TensorRT-LLM & GPU Optimization
LLM Quantization Techniques
4 min read
Quantization reduces model precision from FP32/FP16 to lower bit-widths, dramatically reducing memory requirements and increasing throughput while maintaining acceptable quality.
Quantization Formats
Precision Hierarchy (Memory per Parameter):
FP32 (32-bit) ████████████████████████████████ 4 bytes
FP16 (16-bit) ████████████████ 2 bytes
BF16 (16-bit) ████████████████ 2 bytes
FP8 (8-bit) ████████ 1 byte
INT8 (8-bit) ████████ 1 byte
INT4 (4-bit) ████ 0.5 bytes
FP4 (4-bit) ████ 0.5 bytes
Memory Savings (70B model):
FP16: 140GB → FP8: 70GB → INT4: 35GB
FP8 Quantization (Hopper/Ada/Blackwell)
FP8 is the sweet spot for modern inference, offering 2x memory reduction with minimal quality loss:
from tensorrt_llm.builder import BuildConfig
from tensorrt_llm.quantization import QuantConfig
# FP8 quantization configuration
quant_config = QuantConfig(
quant_algo="FP8",
kv_cache_quant_algo="FP8", # Also quantize KV cache
)
build_config = BuildConfig(
max_input_len=4096,
max_seq_len=8192,
max_batch_size=64,
precision="float16", # Base precision
quant_config=quant_config,
)
# Build with FP8
llm = LLM(
model="/models/llama-3.1-70b",
build_config=build_config,
)
FP8 Formats
| Format | Exponent | Mantissa | Range | Best For |
|---|---|---|---|---|
| E4M3 | 4 bits | 3 bits | ±240 | Weights |
| E5M2 | 5 bits | 2 bits | ±57344 | Activations |
TensorRT-LLM automatically selects optimal formats per layer.

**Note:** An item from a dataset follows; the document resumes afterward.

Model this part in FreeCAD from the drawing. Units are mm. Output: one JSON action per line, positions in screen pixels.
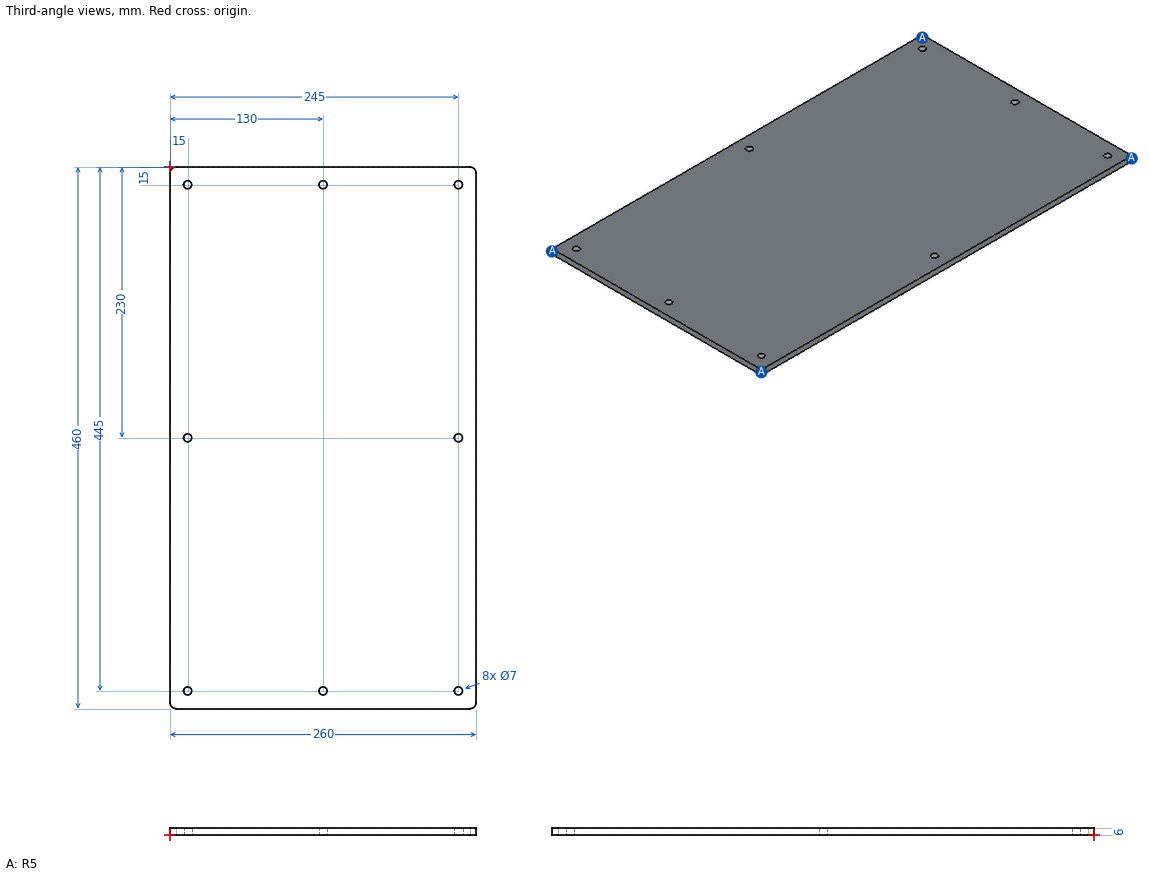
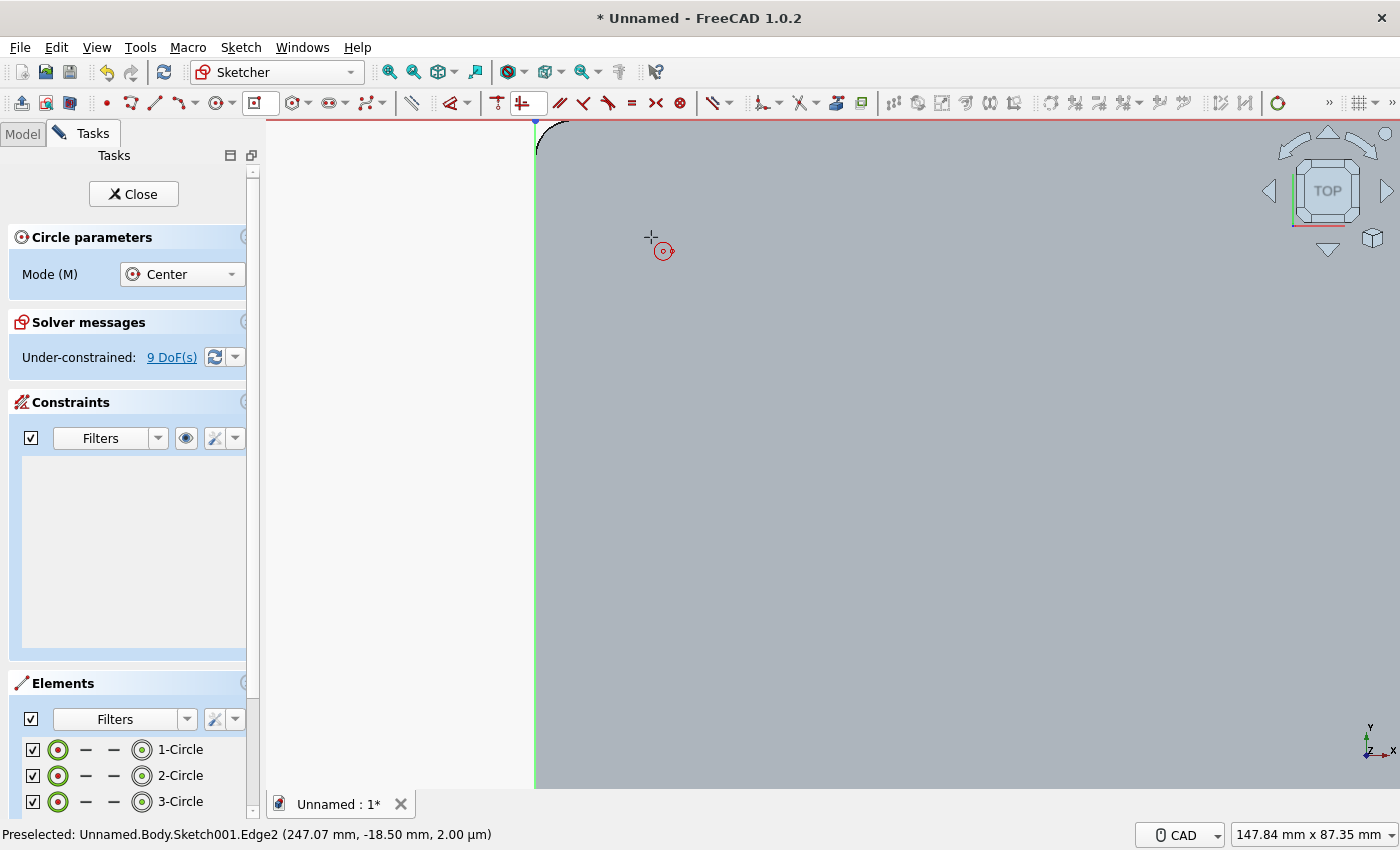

FP4 Quantization (Blackwell Only)
FP4 is exclusive to Blackwell architecture, providing 4x memory reduction:
# FP4 configuration for Blackwell GPUs (B200, B300)
quant_config = QuantConfig(
quant_algo="FP4",
kv_cache_quant_algo="FP8", # KV cache stays at FP8
)
build_config = BuildConfig(
max_input_len=4096,
max_seq_len=8192,
max_batch_size=128, # Larger batches possible
quant_config=quant_config,
)
FP4 enables:
- Running 405B models on single B200 (140GB HBM3e)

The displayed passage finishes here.